Write out only the lines from the line that holds "Give a very brief answer. 0." to the end of the listing below, inclusive, with the pictures omitted.

+ + + +

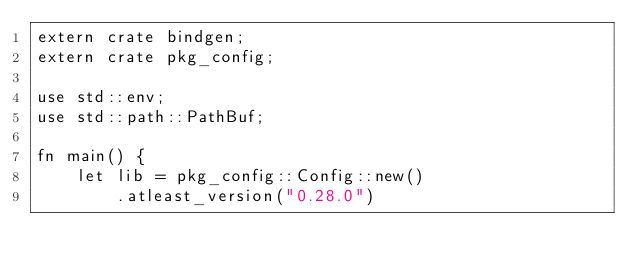<code> <loc_0><loc_0><loc_500><loc_500><_Rust_>extern crate bindgen;
extern crate pkg_config;

use std::env;
use std::path::PathBuf;

fn main() {
    let lib = pkg_config::Config::new()
        .atleast_version("0.28.0")</code> 
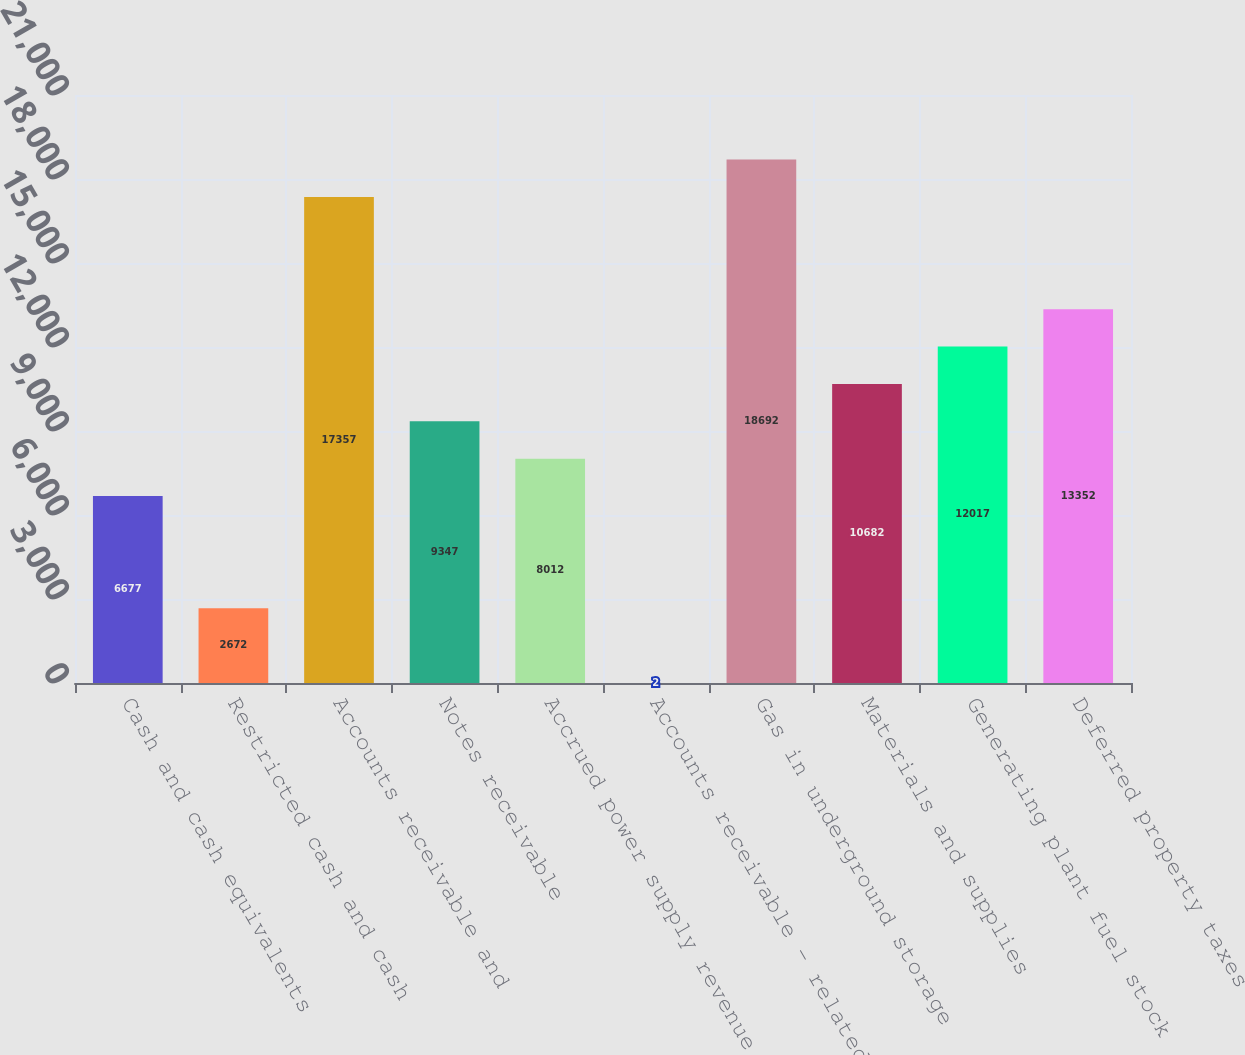Convert chart. <chart><loc_0><loc_0><loc_500><loc_500><bar_chart><fcel>Cash and cash equivalents<fcel>Restricted cash and cash<fcel>Accounts receivable and<fcel>Notes receivable<fcel>Accrued power supply revenue<fcel>Accounts receivable - related<fcel>Gas in underground storage<fcel>Materials and supplies<fcel>Generating plant fuel stock<fcel>Deferred property taxes<nl><fcel>6677<fcel>2672<fcel>17357<fcel>9347<fcel>8012<fcel>2<fcel>18692<fcel>10682<fcel>12017<fcel>13352<nl></chart> 
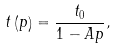Convert formula to latex. <formula><loc_0><loc_0><loc_500><loc_500>t \left ( p \right ) = \frac { t _ { 0 } } { 1 - A p } ,</formula> 
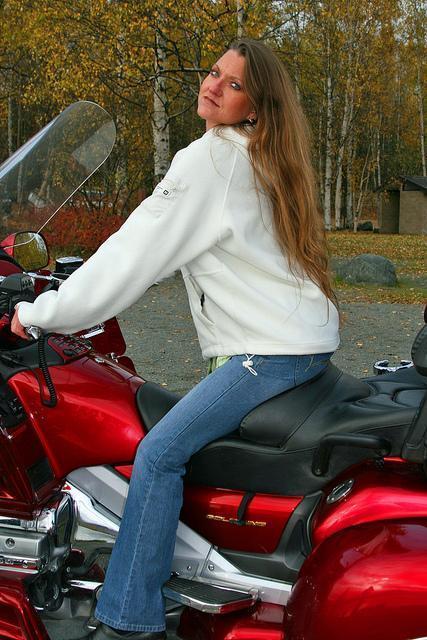How many people in the photo?
Give a very brief answer. 1. How many cars are in the picture?
Give a very brief answer. 0. 
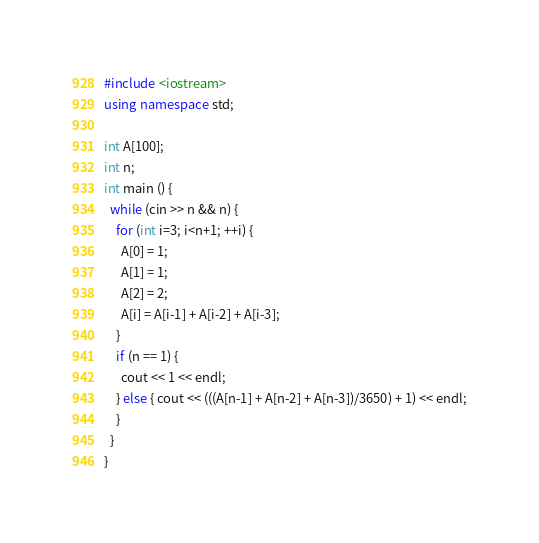Convert code to text. <code><loc_0><loc_0><loc_500><loc_500><_C++_>#include <iostream>
using namespace std;

int A[100];
int n;
int main () {
  while (cin >> n && n) {
    for (int i=3; i<n+1; ++i) {
      A[0] = 1;
      A[1] = 1;
      A[2] = 2;
      A[i] = A[i-1] + A[i-2] + A[i-3];
    }
    if (n == 1) {
      cout << 1 << endl;
    } else { cout << (((A[n-1] + A[n-2] + A[n-3])/3650) + 1) << endl;
    }
  }
}</code>

+ + + +

Result.
Give a very brief answer. 0. 
Convert code to text. <code><loc_0><loc_0><loc_500><loc_500><_C++_>#include <iostream>
using namespace std;

int A[100];
int n;
int main () {
  while (cin >> n && n) {
    for (int i=3; i<n+1; ++i) {
      A[0] = 1;
      A[1] = 1;
      A[2] = 2;
      A[i] = A[i-1] + A[i-2] + A[i-3];
    }
    if (n == 1) {
      cout << 1 << endl;
    } else { cout << (((A[n-1] + A[n-2] + A[n-3])/3650) + 1) << endl;
    }
  }
}</code>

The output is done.